Direct Request (CEACR) - adopted 2010, published 100th ILC session (2011)

The Committee notes that the Government’s report has not been received. It hopes that a report will be supplied for examination by the Committee at its next session and that it will contain full information on the matters raised in its previous direct request, which read as follows:

Articles 1(1) and 2(1) of the Convention. Imposition of work as a condition for maintaining entitlement to unemployment benefits. The Committee has noted the information supplied by the Government in reply to the Committee’s previous direct request, including the indication, in connection with the administration of the new rules on availability of unemployed persons for reasonable work adopted under the Government’s labour market reforms of 2003, that the National Directorate of Labour will continue to monitor those cases where unemployed persons are sanctioned for refusing to accept a job placement offered by the Public Employment Service.

The Committee recalls that in its previous report the Government, in describing how the new rules are being administered, indicated that in cases where there are several possible qualified persons for a job, “the person referred will always be the best suited for the job”, and that, while by law it is possible to offer only “reasonable” work to unemployed persons whose qualifications exceed the requirements of that work, such placements “will still have to take place ‘with due consideration’ to the unemployed person, his skills and orientation towards the labour market, etc”.

The Committee requests the Government, in the course of monitoring the sanctions cases, to monitor how in such cases the criteria referred to above have been applied. As also requested in its direct request addressed to the Government in connection with its application of the Social Security (Minimum Standards) Convention, 1952 (No. 102), the Committee would like the Government to continue to indicate in its future reports any changes in the national legislation or practice related to the conditions governing entitlement to and suspension of unemployment benefits.

Direct Request (CEACR) - adopted 2008, published 98th ILC session (2009)

Articles 1(1) and 2(1) of the Convention. Imposition of work as a condition for maintaining entitlement to unemployment benefits. The Committee has noted the information supplied by the Government in reply to the Committee’s previous direct request, including the indication, in connection with the administration of the new rules on availability of unemployed persons for reasonable work adopted under the Government’s labour market reforms of 2003, that the National Directorate of Labour will continue to monitor those cases where unemployed persons are sanctioned for refusing to accept a job placement offered by the Public Employment Service.

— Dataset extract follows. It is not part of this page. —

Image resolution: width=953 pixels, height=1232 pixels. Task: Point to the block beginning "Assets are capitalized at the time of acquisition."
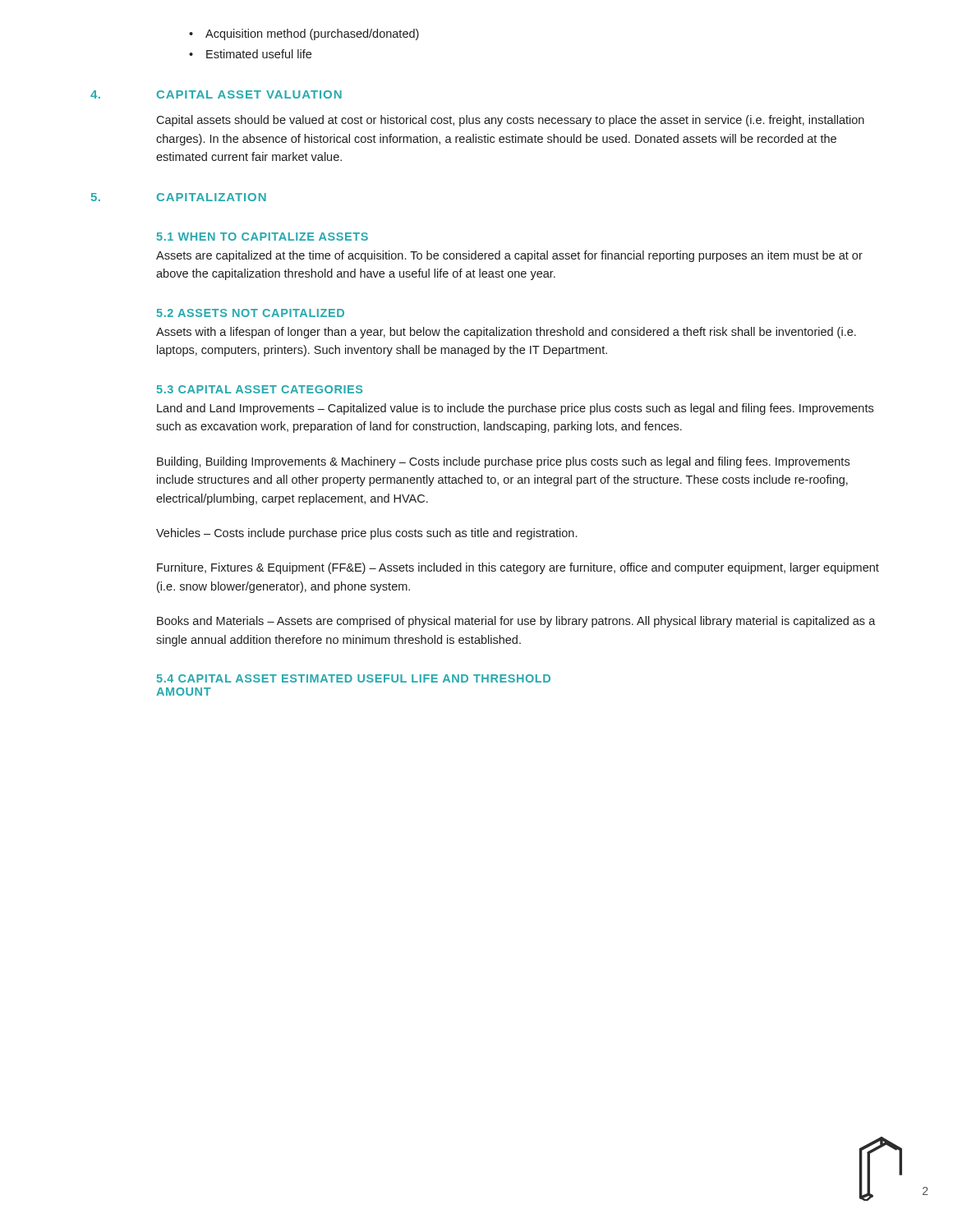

The Committee recalls that in its previous report the Government, in describing how the new rules are being administered, indicated that in cases where there are several possible qualified persons for a job, “the person referred will always be the best suited for the job”, and that, while by law it is possible to offer only “reasonable” work to unemployed persons whose qualifications exceed the requirements of that work, such placements “will still have to take place ‘with due consideration’ to the unemployed person, his skills and orientation towards the labour market, etc.”

The Committee requests the Government, in the course of monitoring the sanctions cases, to monitor how in such cases the criteria referred to above have been applied. As also requested in its direct request addressed to the Government in connection with its application of the Social Security (Minimum Standards) Convention, 1952 (No. 102), the Committee would like the Government to continue to indicate in its future reports any changes in the national legislation or practice related to the conditions governing entitlement to and suspension of unemployment benefits.

Direct Request (CEACR) - adopted 2007, published 97th ILC session (2008)

Articles 1(1) and 2(1) of the Convention. Imposition of work as a condition for maintaining entitlement to unemployment benefits.  The Committee has noted the information supplied by the Government in its report received in October 2006, in reply to the Committee’s previous direct request. The Committee refers to the comments on this information it has already made in its 2007 direct request under the Social Security (Minimum Standards) Convention, 1952 (No. 102), in relation to the application by the Government of Part IV (Unemployment benefit) of that Convention.

The Committee notes the Government’s statement that, under amendments to the Unemployment Insurance Act and administrative orders adopted in 2003, the distinction between “reasonable” work (outside the occupational field of an unemployed person) and “suitable” work (corresponding to the skills, qualifications, acquired experience and length of service in the former occupation of an unemployed person), was abolished for purposes of the requirement that unemployed persons accept job placements. The Committee notes the Government’s indication that this change was accompanied by a policy requiring the administration of rules to take place in such a way that the skills and qualifications of the unemployed are used in the most efficient and appropriate manner. The Government indicated that, out of the 24,000 placements of jobseekers made by the Public Employment Service (PES) in 2005, sanctions were imposed upon 352 persons for failing to turn up for interviews or for refusing to accept job offers. According to the Government, an examination by the National Directorate of Labour of all 352 of the sanction cases in 2005 showed that, in all except one, the unemployed persons were referred to jobs “within their occupational field”, an outcome the Government attributed to its policy, noted above, governing the way the availability rules are administered. In the single case where an unemployed person was referred to a job outside his occupational field, he was referred to a job in a related field, in which he had recently received training. The Committee notes the Government’s statement that it cannot provide statistics showing the number of cases in which the refusal to accept job placements or appear for interviews “was due to the job being ‘only’ reasonable” rather than “suitable” and that such statistics do not exist.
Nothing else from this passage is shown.